None of which makes the format choice unimportant, it just moves the decision onto the axes where the formats genuinely differ. What you're really picking between Iceberg and DuckLake is the catalog and metadata model: how each handles the small-file problem and compaction, what its commit and concurrency story looks like, how its metadata scales as the table accumulates snapshots, and what tooling and engines can read it in your environment. Those are real and consequential differences, and they're where the decision belongs, so the practical move is to pick the format on the write path and the metadata properties you need and stop treating a read benchmark as the tiebreaker, because on identical bytes the read benchmark has very little to say.
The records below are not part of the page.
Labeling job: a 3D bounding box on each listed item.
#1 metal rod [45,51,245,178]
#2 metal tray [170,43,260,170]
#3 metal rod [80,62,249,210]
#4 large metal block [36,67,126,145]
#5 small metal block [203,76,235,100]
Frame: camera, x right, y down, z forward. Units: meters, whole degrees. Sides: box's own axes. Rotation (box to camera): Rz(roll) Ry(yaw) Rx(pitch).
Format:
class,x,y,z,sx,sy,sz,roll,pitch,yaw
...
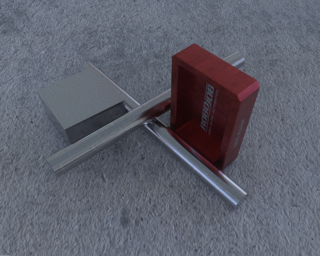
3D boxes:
class,x,y,z,sx,sy,sz,roll,pitch,yaw
metal rod,-0.001,-0.029,0.396,0.302,0.025,0.025,-32,57,-25
metal tray,0.054,-0.019,0.352,0.030,0.129,0.090,-36,59,-25
metal rod,-0.012,-0.005,0.409,0.025,0.025,0.300,-35,58,-26
large metal block,-0.100,-0.025,0.407,0.081,0.050,0.080,-30,56,-23
small metal block,0.083,-0.054,0.451,0.050,0.025,0.050,-29,56,-22
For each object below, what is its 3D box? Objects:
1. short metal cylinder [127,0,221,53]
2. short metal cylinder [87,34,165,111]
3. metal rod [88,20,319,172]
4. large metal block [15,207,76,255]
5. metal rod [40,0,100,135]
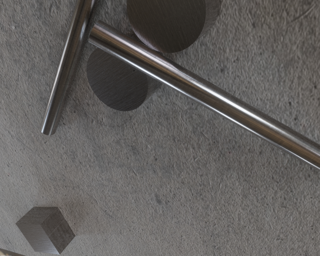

The practical takeaway I'd hand to anyone choosing a table format is that the read benchmark you've been shown is probably answering a different question than the one on its label. If the two sides were written by different encoders, or even by the same encoder at different codec defaults, then the chart is a comparison of writers wearing the formats' names, and the only read benchmark worth believing is one that registers byte-identical files into both catalogs the way this run did. So the first question to ask of any format-versus-format read result is whether the bytes were the same, and if the answer is no, or if the methodology doesn't say, the number tells you about the writers and not the formats and you should treat it that way.
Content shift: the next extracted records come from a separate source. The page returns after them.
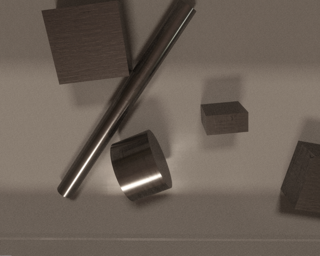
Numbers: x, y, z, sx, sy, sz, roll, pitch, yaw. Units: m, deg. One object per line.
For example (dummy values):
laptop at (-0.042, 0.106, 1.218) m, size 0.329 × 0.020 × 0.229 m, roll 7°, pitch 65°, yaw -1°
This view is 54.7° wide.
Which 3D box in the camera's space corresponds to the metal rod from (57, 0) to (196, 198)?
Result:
metal rod at (-0.051, -0.026, 0.400) m, size 0.025 × 0.025 × 0.299 m, roll 32°, pitch 107°, yaw -12°

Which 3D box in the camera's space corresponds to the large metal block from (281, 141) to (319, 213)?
large metal block at (0.227, 0.070, 0.427) m, size 0.081 × 0.050 × 0.079 m, roll 10°, pitch 110°, yaw -4°

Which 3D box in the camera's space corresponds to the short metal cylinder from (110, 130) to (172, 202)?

This sits next to a companion finding I pulled out of the same work, that two Parquet writers handed the identical data and the identical codec still disagree on file size by that 1.7-times margin, which I wrote up separately in Same codec, different sizes because it deserves its own treatment. The two essays are the read side and the write side of one observation, which is that the encoder is where the read cost is decided, and the table format is the catalog around it. If you want the general version of how I keep a comparison like this from lying to me, the method is in how to run a benchmark that doesn't lie, and the short version is that you isolate the one variable you mean to study and you make everything else identical, which here meant making the bytes identical before you let the clock run.

For security data specifically the stakes are ordinary engineering ones rather than anything exotic, but they're real, because the format decision tends to get made early and lived with for years across a lot of telemetry, and making it on a read benchmark that was secretly measuring the encoder is how you end up ruling out a perfectly good option for a reason that was never true. Pick the format on the write path and the catalog and metadata behavior you actually need, tune read speed where it's actually set, in the writer, and keep the two questions apart so neither one gets answered with the other one's evidence.

Evidence: Tier B (first-party, single machine; ratios transfer, absolute times don't). SDW Lab Iceberg-vs-DuckLake read comparison: one canonical Parquet set written once and registered into an Iceberg catalog via pyiceberg add_files and a DuckLake catalog via ducklake_add_data_files, read through DuckDB. At one billion rows three of four queries at parity (filtered 1.00×, byte_rollup 1.01×, subnet_rollup 1.01×, CV ≤ 2.5%); one 16.7M-distinct GROUP BY diverged ≈1.3×. The default-config gap (≈1.1–1.55× apparent Iceberg slowness) traced to Iceberg defaulting to ZSTD vs DuckLake's Snappy; at a matched codec PyArrow wrote ≈193 MB where DuckDB wrote ≈114 MB on identical data, with pyiceberg exposing no per-column encoding control. Methodology and the runnable comparison are published in the SDW Lab ocsf-read-scan benchmark; generality across other reader engines is an open follow-up.